# SounDrive Elevated Fidelity Series RCA Review



## Beckerson1 (Jul 3, 2012)

I've been talking with Joe who is one of the owners of SounDrive out of Tennessee. Joe has provided Custom and set RCA's for people for some time now with his High Fidelity RCA line which uses high quality Quadstar microphone cabling. 

Recently Joe has come out with a budget RCA line which uses a cheaper line of wire over the Quadstar but is still of very high quality. The cable still has great shielding, which are actually grounded on both ends of the RCA run. Why do I say this? Some manufactures may claim there RCA's are shielded but may only connect one end which can cause grounding issues. Some may not even connect the shielding at all. I can't say if this is a true claim and this is not the purpose of this thread. When connecting the shielding correctly this allows proper grounding between the RCA's components and eliminates noise between them. This line will still use the high quality ends the High Fidelity RCA line uses.

Here is some specs on the cable themselves:


22 AWG (total), 28 Strand copper conductors (x2)
1.4 mm Polyethylene insulation on each conductor
Bare copper spiral shield for maximum flexibility
6.0 mm Black PVC jacket

Some resistance testing done by Joe himself on the spool

On a 100 foot spool; the shield measured 0.8ohms/100' and the conductor was 0.9 ohms/100'

For 17' cables he measured 0.1ohm/17'

Here is the testing he did on my cables:










I will be done resistance testing on my own here. I will post that information later.

According to Joe this NEW budget line will:

"Map will be around $40 for a 17 foot set, with a 3 year warranty against any failure. (Yes that includes cutting the cable in two) Just pay to/from shipping. We will always be happy to repair cables even after the warranty ends, but the buyer is asked to cover the parts (plugs, etc.)

And we will have a new pricing structure for people ordering multiple channels."


Here are some of the option you can choose from when ordering from SounDrive:

Plug accent color: 6 different colors to choose from (plugs will be black background) 

They do have wrapping option (techflex) and ATM they don't have boots available for this new line due to the size of the wire itself.

Here is the link to their facebook page.

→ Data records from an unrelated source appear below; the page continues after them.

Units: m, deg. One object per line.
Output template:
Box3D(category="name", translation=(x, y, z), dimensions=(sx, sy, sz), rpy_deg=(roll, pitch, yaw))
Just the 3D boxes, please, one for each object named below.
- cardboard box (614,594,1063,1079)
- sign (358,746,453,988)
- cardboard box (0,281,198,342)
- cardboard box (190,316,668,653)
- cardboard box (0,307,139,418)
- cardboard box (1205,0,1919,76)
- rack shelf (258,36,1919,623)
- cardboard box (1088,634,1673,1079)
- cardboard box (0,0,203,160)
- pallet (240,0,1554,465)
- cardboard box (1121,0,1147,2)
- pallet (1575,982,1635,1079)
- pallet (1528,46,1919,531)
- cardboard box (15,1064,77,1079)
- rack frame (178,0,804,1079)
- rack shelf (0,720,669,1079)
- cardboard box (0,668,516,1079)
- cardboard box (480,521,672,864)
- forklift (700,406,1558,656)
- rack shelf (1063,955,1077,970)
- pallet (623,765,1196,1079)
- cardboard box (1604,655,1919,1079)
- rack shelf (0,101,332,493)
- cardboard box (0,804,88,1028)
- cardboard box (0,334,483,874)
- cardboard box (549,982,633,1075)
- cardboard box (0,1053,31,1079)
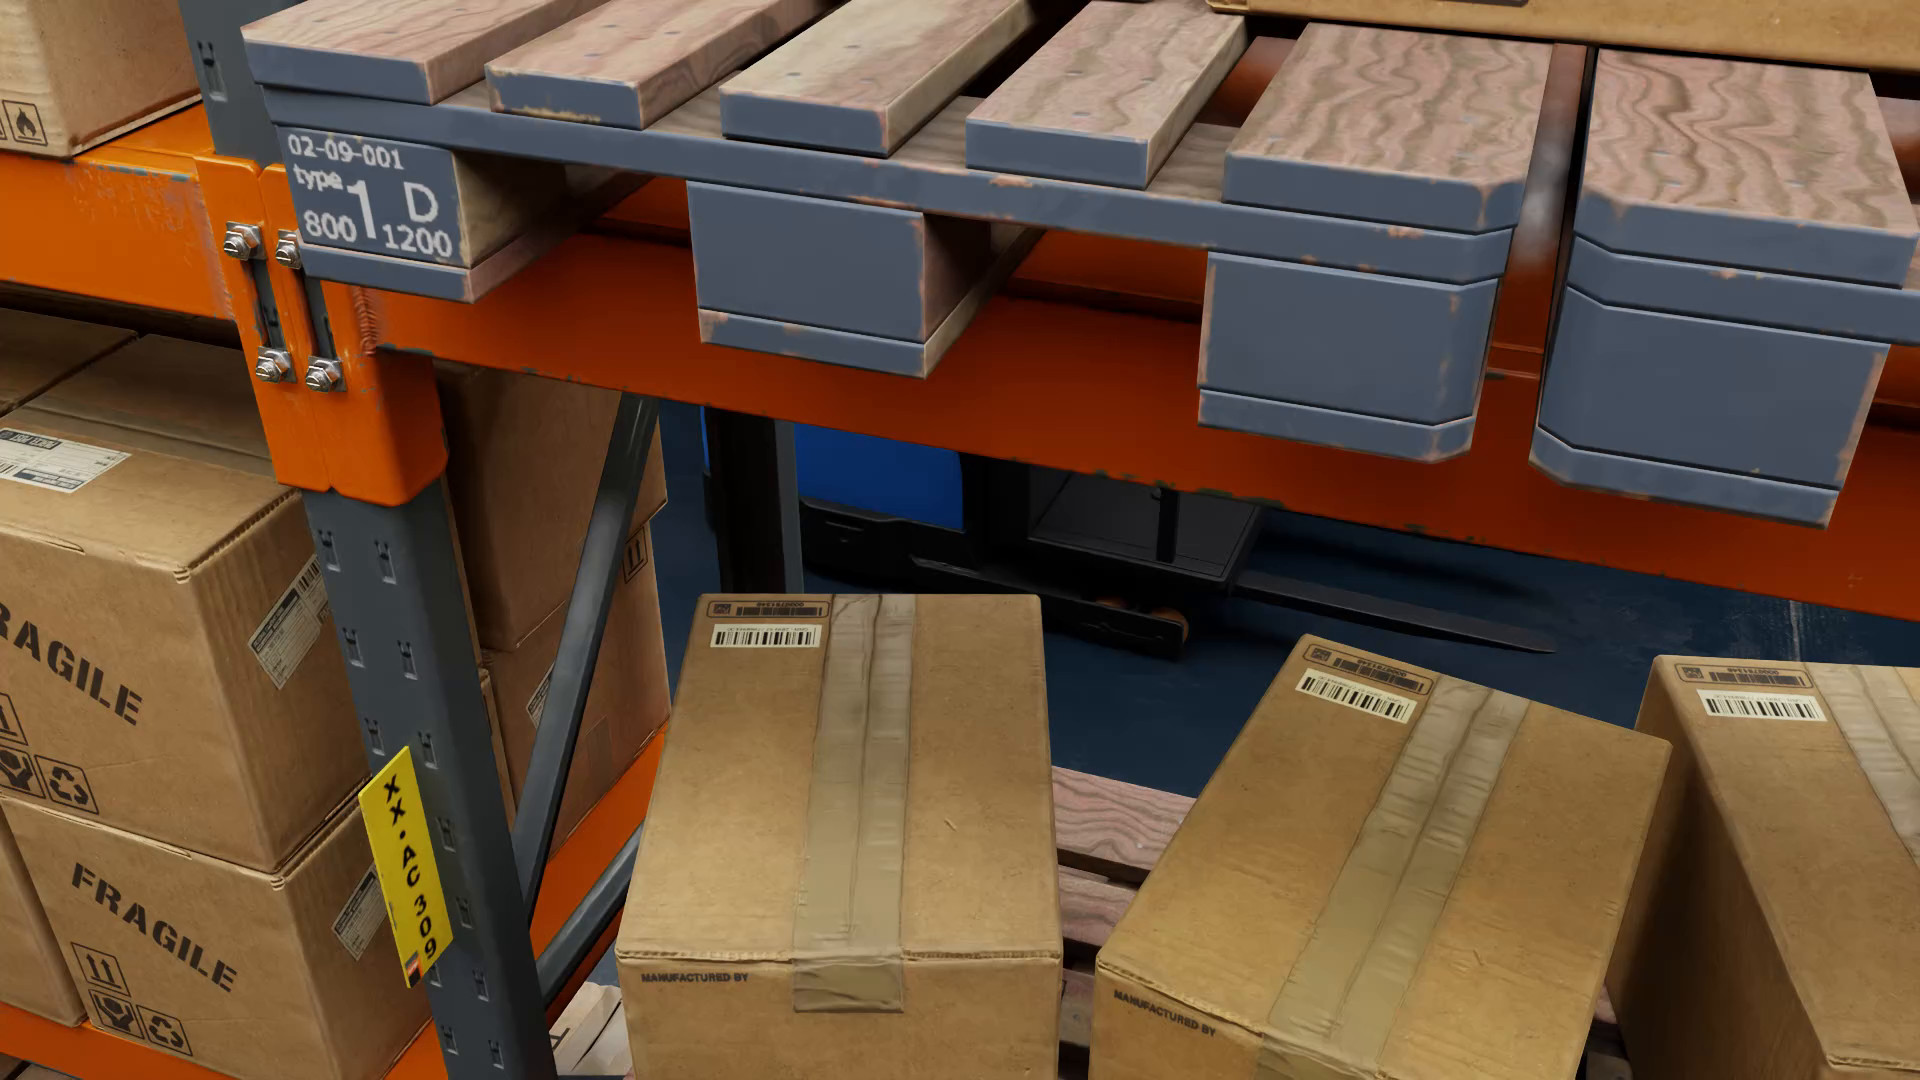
Box3D(category="cardboard box", translation=(-0.134, 0.475, 2.270), dimensions=(0.500, 0.500, 0.700), rpy_deg=(0, 33, 0))
Box3D(category="sign", translation=(-0.680, 0.407, 2.056), dimensions=(0.005, 0.325, 0.100), rpy_deg=(11, 34, 16))
Box3D(category="cardboard box", translation=(-1.339, -0.294, 2.926), dimensions=(0.500, 0.500, 0.500), rpy_deg=(10, 34, 15))
Box3D(category="cardboard box", translation=(-0.853, -0.200, 2.780), dimensions=(0.500, 0.500, 0.500), rpy_deg=(12, 35, 18))
Box3D(category="cardboard box", translation=(-1.551, -0.023, 2.506), dimensions=(0.500, 0.500, 0.500), rpy_deg=(10, 34, 16))
Box3D(category="cardboard box", translation=(0.582, -0.788, 1.368), dimensions=(0.600, 0.600, 0.600), rpy_deg=(11, 34, 16))
Box3D(category="rack shelf", translation=(1.379, -0.100, 1.537), dimensions=(4.000, 0.370, 1.077), rpy_deg=(11, 34, 16))
Box3D(category="cardboard box", translation=(0.535, 0.568, 2.125), dimensions=(0.500, 0.500, 0.700), rpy_deg=(17, 36, 24))
Box3D(category="cardboard box", translation=(-1.052, -0.658, 1.877), dimensions=(0.500, 0.250, 0.500), rpy_deg=(11, 34, 16))
Box3D(category="pallet", translation=(0.086, -0.534, 1.719), dimensions=(1.003, 0.211, 1.213), rpy_deg=(11, 34, 16))
Box3D(category="cardboard box", translation=(-0.055, -0.899, 1.539), dimensions=(0.600, 0.600, 0.600), rpy_deg=(8, 34, 12))
Box3D(category="pallet", translation=(1.429, 0.951, 2.188), dimensions=(1.213, 0.211, 1.003), rpy_deg=(11, 34, 16))
Box3D(category="pallet", translation=(1.063, -0.346, 1.428), dimensions=(1.003, 0.211, 1.213), rpy_deg=(11, 34, 16))
Box3D(category="cardboard box", translation=(-1.842, 1.340, 3.482), dimensions=(0.500, 0.311, 0.500), rpy_deg=(11, 34, 16))
Box3D(category="rack frame", translation=(-0.505, 0.494, 2.720), dimensions=(0.053, 2.616, 0.949), rpy_deg=(11, 34, 16))
Box3D(category="rack shelf", translation=(-2.387, 0.428, 3.484), dimensions=(4.000, 0.370, 1.077), rpy_deg=(11, 34, 16))
Box3D(category="cardboard box", translation=(-1.061, 0.490, 2.634), dimensions=(0.500, 0.500, 0.500), rpy_deg=(12, 35, 17))
Box3D(category="cardboard box", translation=(-0.892, 0.218, 3.055), dimensions=(0.500, 0.500, 0.500), rpy_deg=(12, 35, 18))
Box3D(category="forklift", translation=(0.619, -1.165, 5.352), dimensions=(3.031, 2.935, 1.130), rpy_deg=(13, 35, 19))
Box3D(category="rack shelf", translation=(1.379, 1.160, 2.350), dimensions=(4.000, 0.370, 1.077), rpy_deg=(11, 34, 16))
Box3D(category="pallet", translation=(0.211, 0.775, 2.461), dimensions=(1.213, 0.211, 1.003), rpy_deg=(11, 34, 16))
Box3D(category="cardboard box", translation=(1.180, 0.566, 2.129), dimensions=(0.500, 0.500, 0.700), rpy_deg=(3, 33, 4))
Box3D(category="rack shelf", translation=(-2.387, -0.832, 2.671), dimensions=(4.000, 0.370, 1.077), rpy_deg=(11, 34, 16))
Box3D(category="cardboard box", translation=(-1.547, 0.396, 2.779), dimensions=(0.500, 0.500, 0.500), rpy_deg=(12, 35, 18))
Box3D(category="cardboard box", translation=(-1.068, 0.070, 2.362), dimensions=(0.500, 0.500, 0.500), rpy_deg=(11, 34, 17))
Box3D(category="cardboard box", translation=(-0.826, 1.250, 3.622), dimensions=(0.500, 0.311, 0.500), rpy_deg=(11, 34, 16))
Box3D(category="cardboard box", translation=(-2.275, 1.015, 3.808), dimensions=(0.637, 0.503, 0.797), rpy_deg=(11, 34, 16))

This new line will only come in black as far as the cable goes. 

https://www.facebook.com/SounDriveUSA


Alright enough of that and onto what you came here for. I've been working on my layout in the trunk for some time and wee all know RCA's are usually either to long or not long enough and multiples are needed. We all know this can be a MAJOR pain to make things look clean. So I resorted to custom RCA's. Originally I was looking at doing these myself on my own time. Well with work and everything going on I just didn't have the time to do it myself. So I ran across Joe over on DIYMA and noticed he does custom RCA work so I contacted him and almost immediately he got back with me with a quote and every possible combo I could go with. I will tell you this there is a lot. 

I won't lie the initial price of the HIFI line set me back as it was a lot. I'm sure its was worth it but man for RCA's it was a lot. He then mentioned he is coming in with a budget line and the price was right. 

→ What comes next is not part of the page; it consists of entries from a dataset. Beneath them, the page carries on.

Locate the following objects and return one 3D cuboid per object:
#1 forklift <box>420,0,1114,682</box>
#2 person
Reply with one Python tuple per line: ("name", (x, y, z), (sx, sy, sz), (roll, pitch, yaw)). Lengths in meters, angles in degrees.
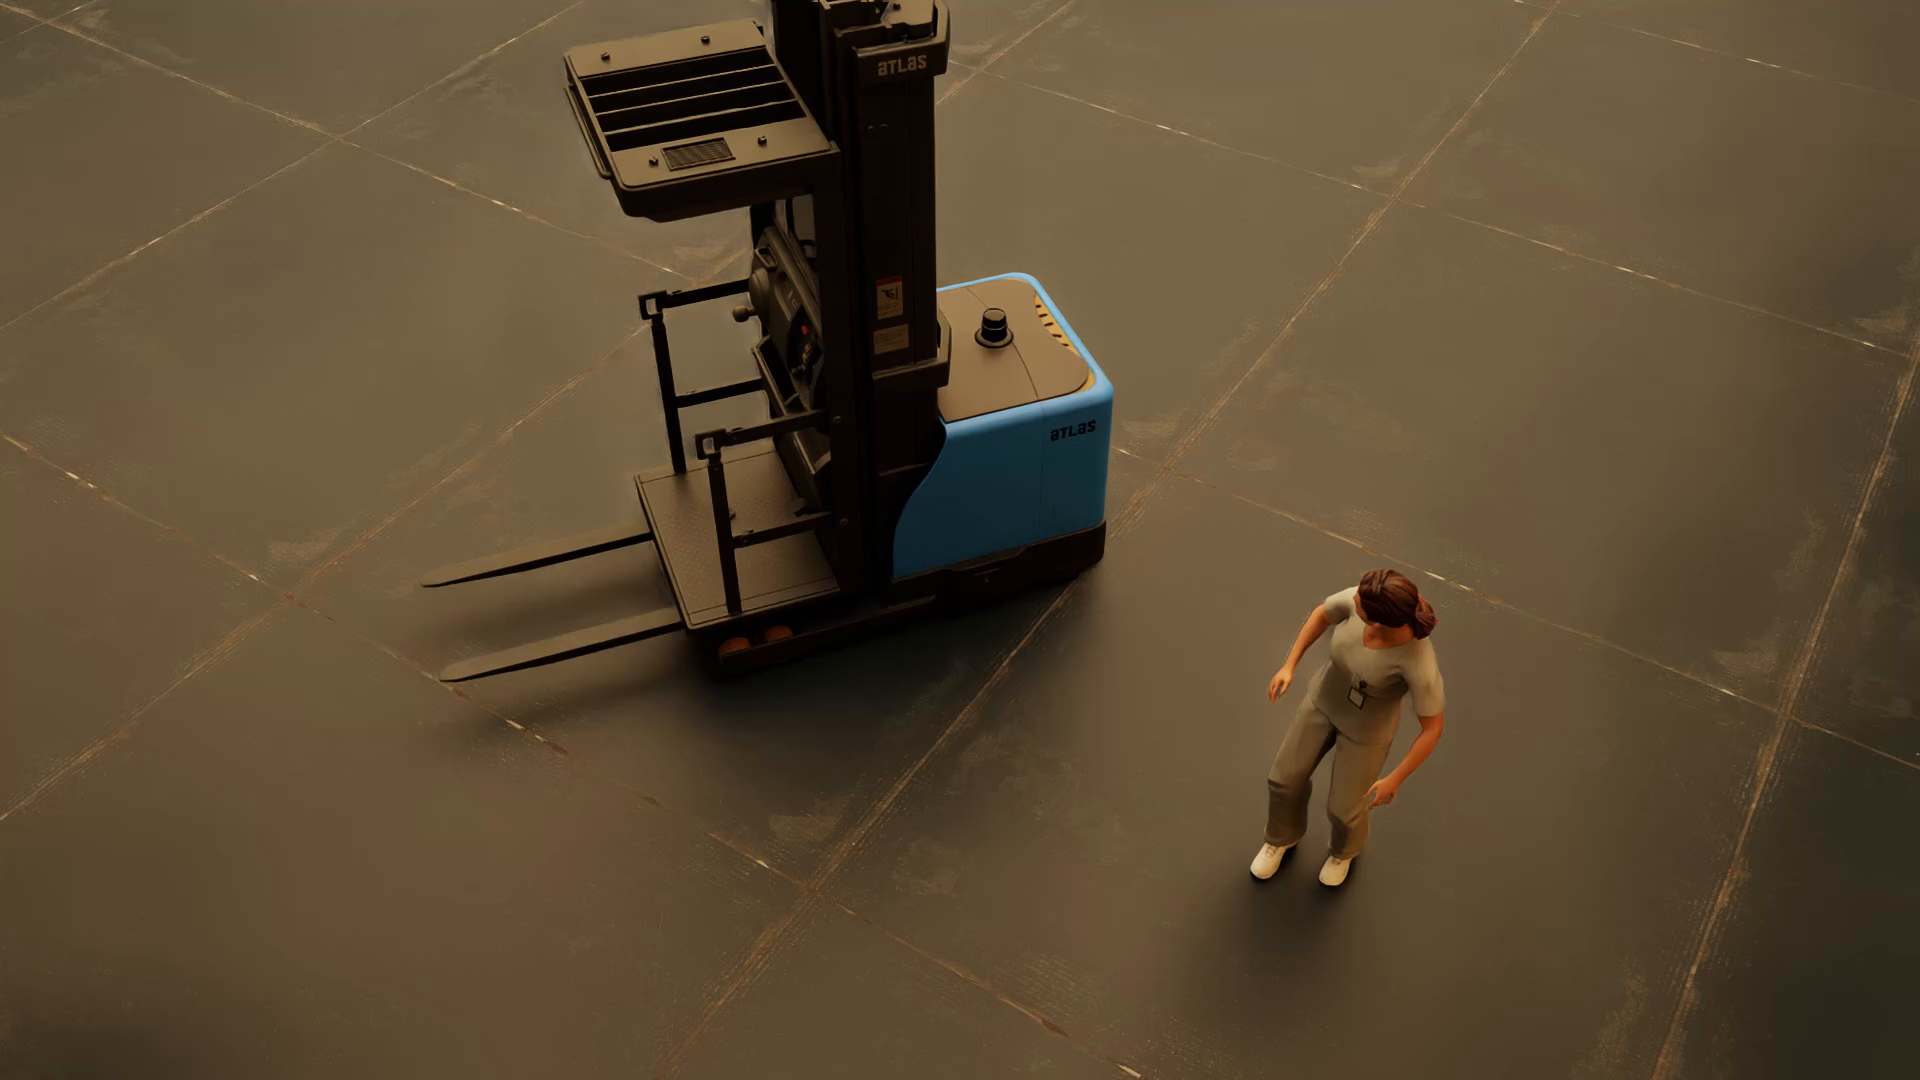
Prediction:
("forklift", (-0.895, -0.885, 6.782), (3.031, 2.935, 1.130), (-15, 45, -15))
("person", (1.412, 0.705, 6.061), (0.473, 1.631, 0.638), (-31, 52, -29))

I asked him to build me 3 sets at slightly different lengths and he got right on it. Shipped next day as well. Joe has been a blast to talk to as he isn't afraid to tell you why his product is better and can go into every detail about it. Awesome dude. Plan to do more business with him in the future as well.

Alright here are some pics for those that make it this far:










I can tell you right now the feel of these cables is awesome. These are beefy and VERY flexible. You have to try HARD to pinch these along the run as you could run them about anywhere. Even around tight corners. 

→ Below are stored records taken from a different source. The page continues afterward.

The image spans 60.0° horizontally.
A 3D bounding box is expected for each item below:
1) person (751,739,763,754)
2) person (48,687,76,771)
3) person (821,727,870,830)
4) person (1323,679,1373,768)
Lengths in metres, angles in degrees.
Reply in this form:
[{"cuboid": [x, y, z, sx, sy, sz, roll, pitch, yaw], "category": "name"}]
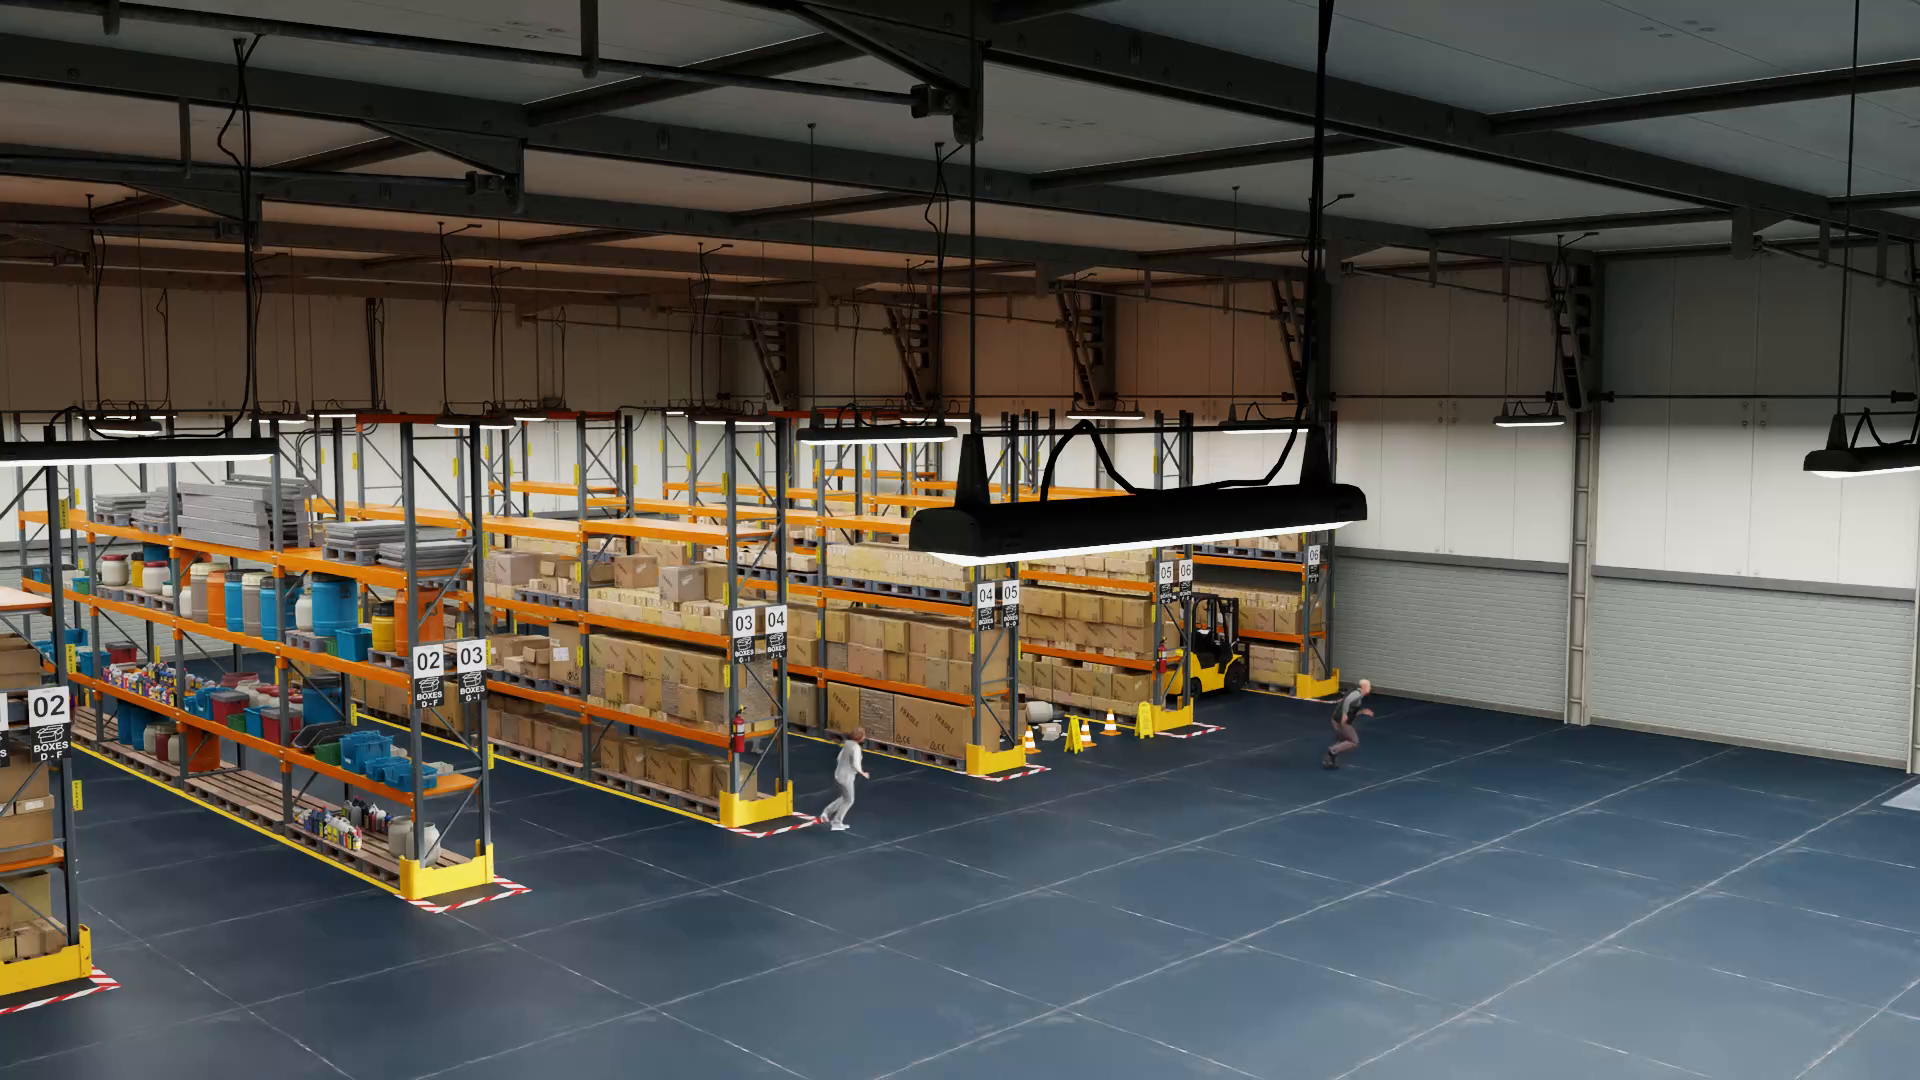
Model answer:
[{"cuboid": [-3.690, 2.970, 29.457, 0.718, 1.642, 0.609, 3, 6, 31], "category": "person"}, {"cuboid": [-15.255, 3.133, 27.929, 0.906, 1.572, 0.731, 4, 6, 38], "category": "person"}, {"cuboid": [-1.664, 3.492, 24.223, 0.690, 1.478, 0.524, -2, 5, -22], "category": "person"}, {"cuboid": [6.575, 3.122, 28.109, 0.845, 1.544, 0.684, 0, 5, 5], "category": "person"}]

I'm talking flexibility of say KnuKoncepts power wire here. I could tie a knot in these and just get my pinky finger through the opening. I don't have the smallest of finger but they are not huge either.










The end connectors are very solid and of great quality. Very durable and have some weight to them. 










Didn't have the right lens on the camera for this but if you are able to see there are two clips that grip onto the RCA female posts to make a solid connection. 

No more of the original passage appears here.